Improbable/Viva Tech

Improbable, a SoftBank-backed startup developing huge virtual worlds, on Friday launched its plans for a network of metaverses that it hopes will one day be capable of hosting thousands of users and compete with platforms from U.S. tech giants such as Meta and Microsoft.

The British company, which was founded in 2012, released a white paper detailing its vision for MSquared, a “network of interoperable Web3 metaverses,” or 3D spaces in which people can live, work and interact with each other virtually. MSquared, which is a separate business entity from Improbable, raised $150 million from investors last year.

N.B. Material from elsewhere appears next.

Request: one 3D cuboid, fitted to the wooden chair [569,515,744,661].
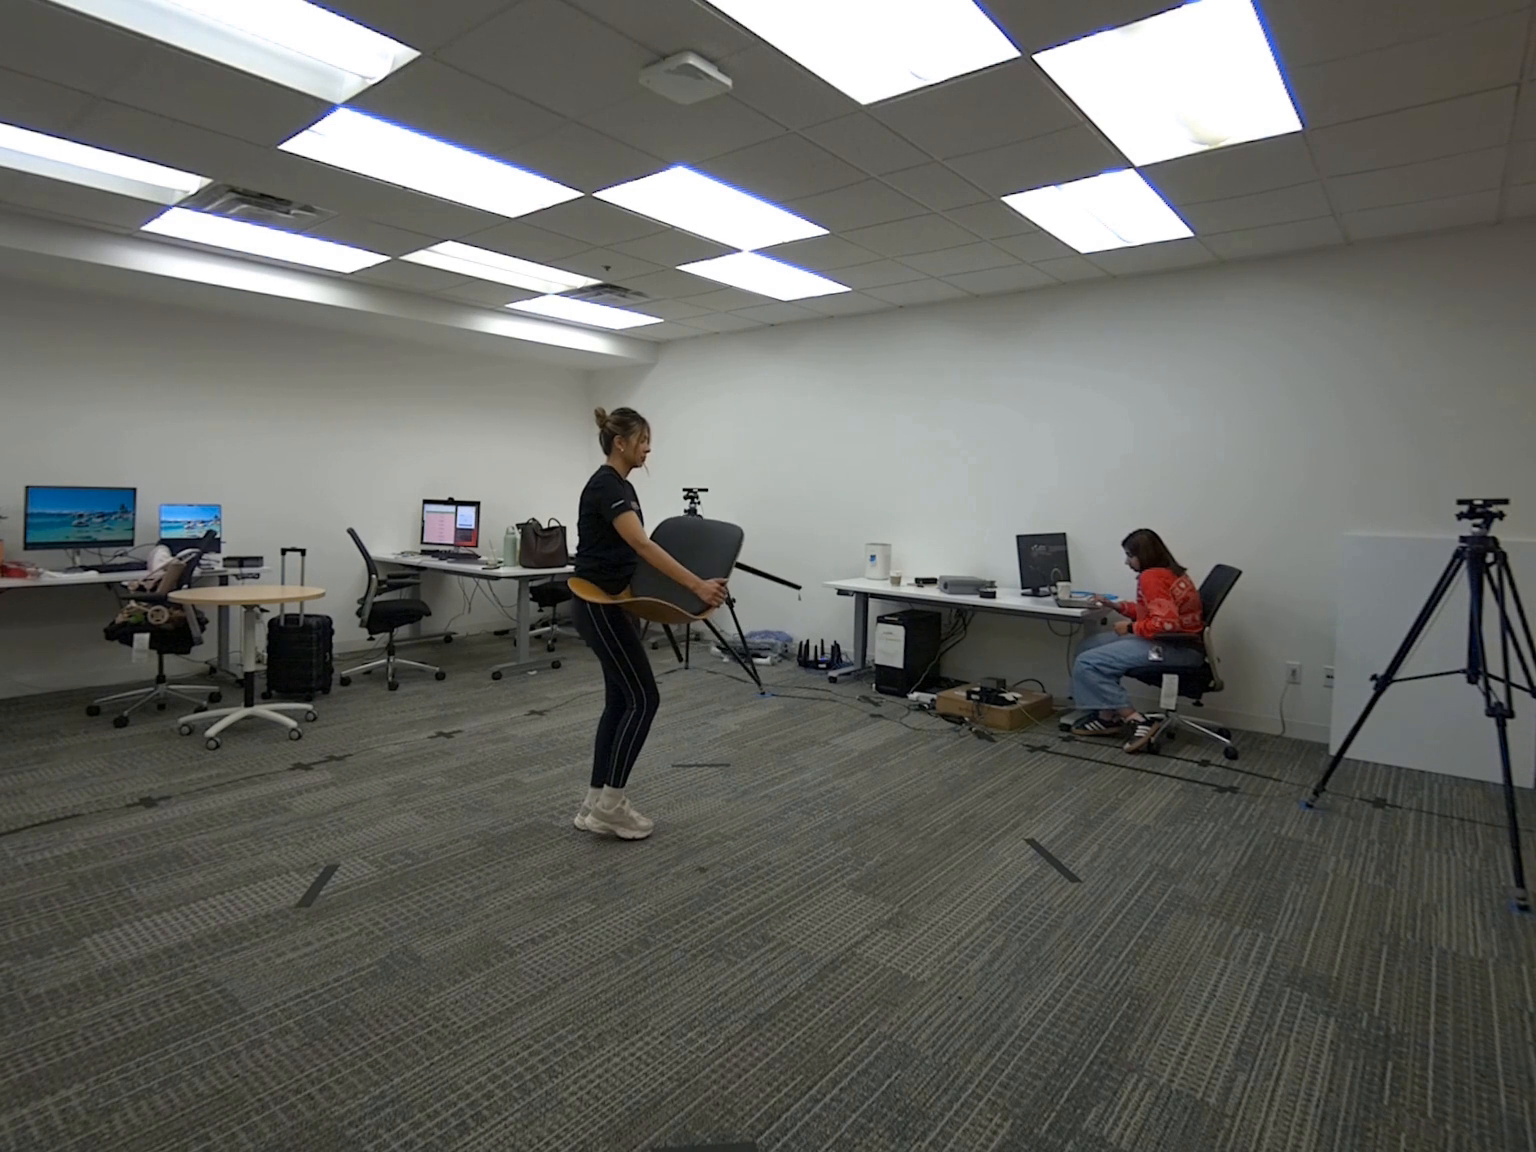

Google, Nvidia and Japanese cloud gaming firm Ubitus will serve as technical partners for the launch, Improbable said, providing the “cloud infrastructure, cloud pixel streaming, and video & audio technologies to enable unique, highly qualitative, easily accessible and seamless experiences in the metaverse.”

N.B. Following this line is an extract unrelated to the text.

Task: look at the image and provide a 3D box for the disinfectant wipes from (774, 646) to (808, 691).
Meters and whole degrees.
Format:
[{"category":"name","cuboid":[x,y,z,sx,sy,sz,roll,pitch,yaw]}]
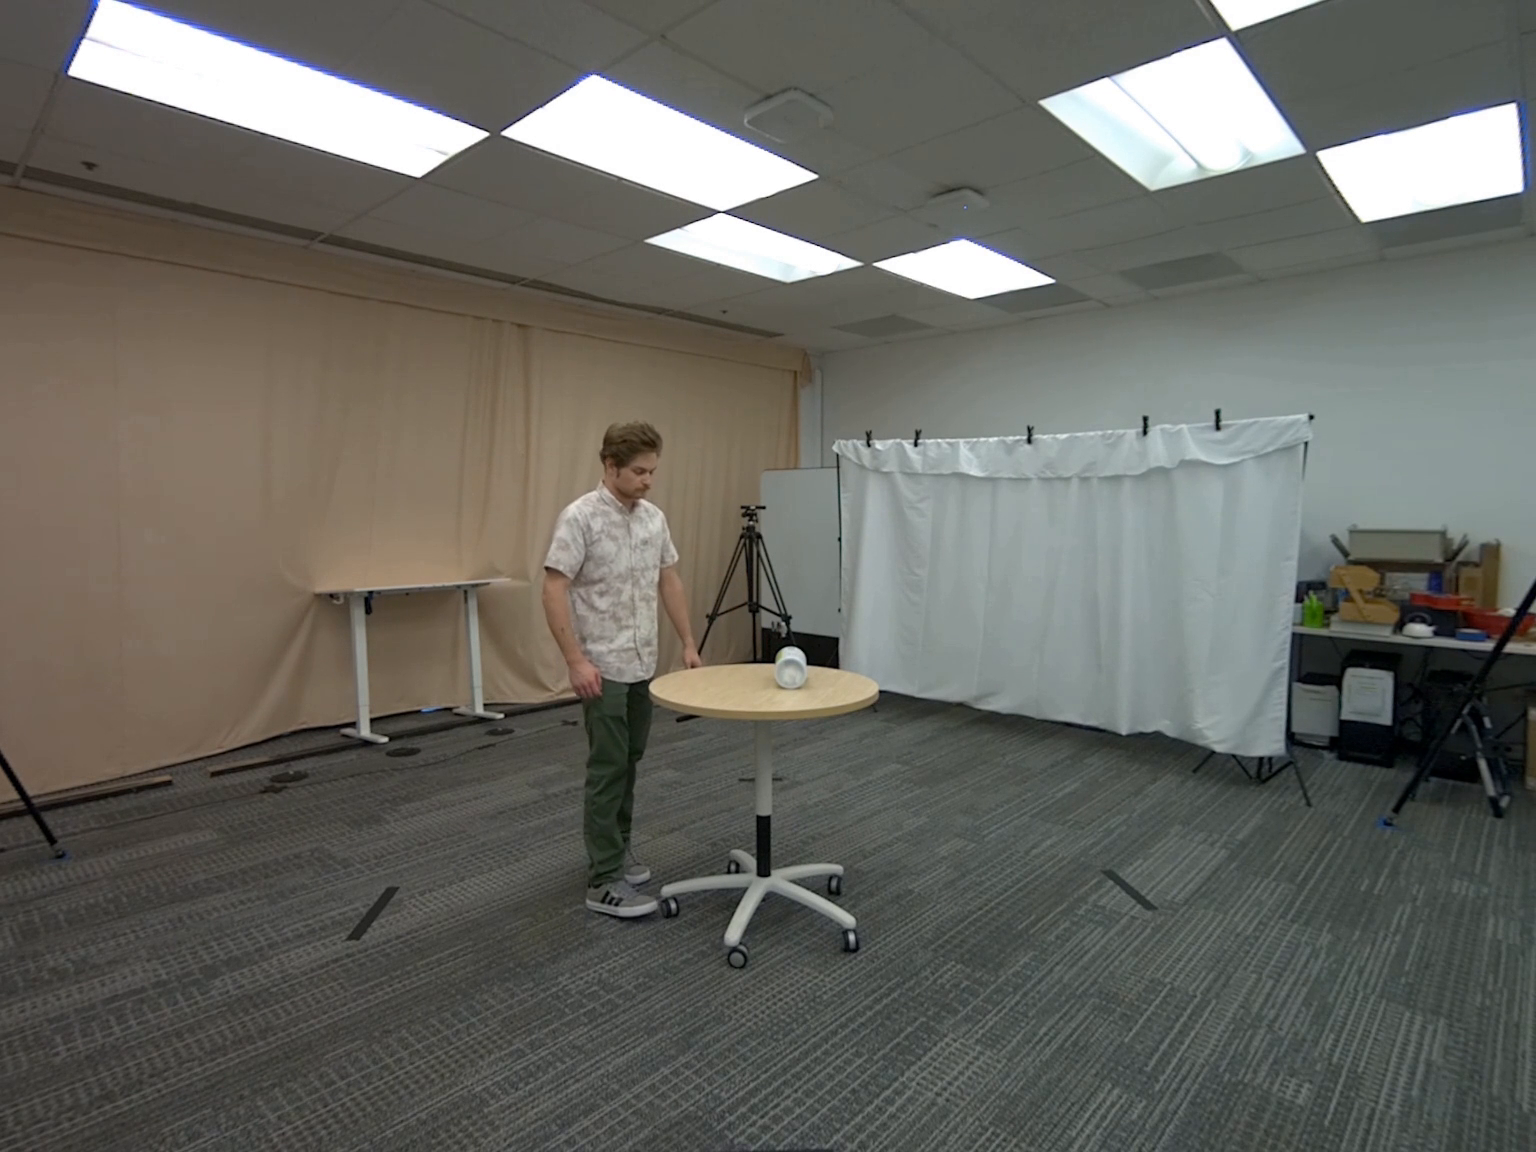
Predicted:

Behind MSquared is a complex feat of technical engineering with significant computing requirements. The service is intended to be accessible via cloud streaming, meaning you won’t have to download any software to jump into one of its worlds, similar to how movies and TV shows are accessed on Netflix. 

What Improbable is launching isn’t a public release of its network of metaverses but rather the developer tools that will enable programmers to build their own metaverses. Developers began accessing its MML programming language as of Thursday evening, which enabled them to start creating objects in its digital worlds.

“The purpose of the metaverse is to enable new interactive entertainment experiences,” Herman Narula, Improbable’s co-founder and CEO, told CNBC.

Narula cited the video games Roblox, Minecraft and Fortnite as examples of metaverses that are already “incredibly successful.”

That’s because they’ve enabled people to take part in mass community and entertainment events, from parties to shared gaming experiences to live music concerts.

Entities will be able to build metaverse experiences using Improbable’s Morpheus technology, which is designed to host mass-scale multiplayer online games, Improbable said.

Improbable was previously able to host 4,500 players in a demonstration in partnership with blockchain firm Yuga Labs. The second time Improbable attempted this, it hosted a record-breaking 7,200 concurrent users.

What Improbable is building 

Improbable said there will be four categories of participants that take part in MSquared: metaverse owners, content creators, service providers and users.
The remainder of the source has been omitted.